At first it hadn’t bothered me, but that mysterious wall between us continued to grow, thicken. Nothing I said or did seem to breach it. It was too reminiscent of the myriad of secrets my mother kept from me all of my life.

So no, I could never fully give my heart over to Michael Bryant. Not when he didn’t fully trust me with his.

“He doesn’t trust me, Alice,” I said.

“Of course, he trusts you, Callista.”

I shook my head. “Not with everything. You know I’m right. And I can’t fully trust him with my heart, when he doesn’t trust me with his secrets. So, no, I can’t love Bryant. It’s not possible, not for me.”

“I see.”

Alice picked at the new dress slung over her arm, then set it aside, walked over to the bedroom door and closed it, then turned back to me.

“Henry never knew his father,” she said.

The drastic change in conversation threw me for a startled second.

“Oh, that’s...too bad,” I said. “You never do talk much about your late husband, Zachary. Did he die when Henry was very young then?”
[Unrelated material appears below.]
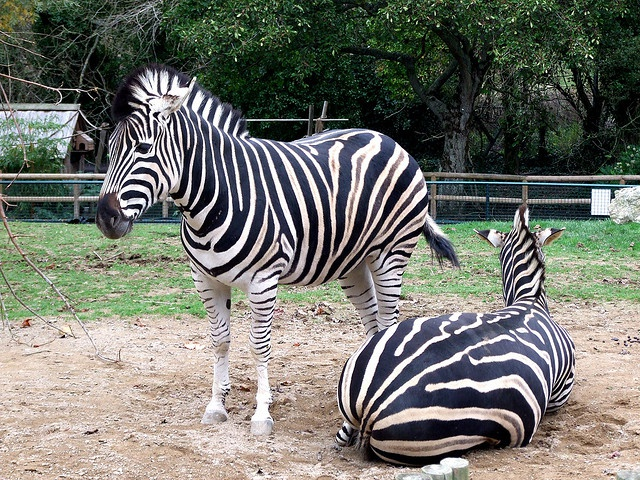Describe the objects in this image and their specific colors. I can see zebra in darkgreen, white, black, darkgray, and gray tones and zebra in darkgreen, black, white, and gray tones in this image. 
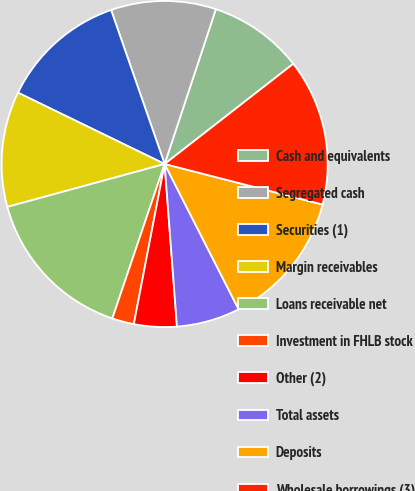<chart> <loc_0><loc_0><loc_500><loc_500><pie_chart><fcel>Cash and equivalents<fcel>Segregated cash<fcel>Securities (1)<fcel>Margin receivables<fcel>Loans receivable net<fcel>Investment in FHLB stock<fcel>Other (2)<fcel>Total assets<fcel>Deposits<fcel>Wholesale borrowings (3)<nl><fcel>9.38%<fcel>10.41%<fcel>12.47%<fcel>11.44%<fcel>15.56%<fcel>2.17%<fcel>4.23%<fcel>6.29%<fcel>13.5%<fcel>14.53%<nl></chart>

“There is no Zachary Bautista,” Alice said, fixing her stare with mine. “Henry never knew his father, Dale Montgomery, because the man left when I found myself with child.”

Oh. Wow. Hmm.

Alice evaded her stare when adding, “The man was handsome and charming and said all the things a young girl wishes to hear, except ‘will you marry me?’ He left the night I told him that I was carrying his child, and I never heard from the man ever again.”

So Alice was unmarried and pregnant in a time when women in this situation were pariahs, tossed from their homes and communities.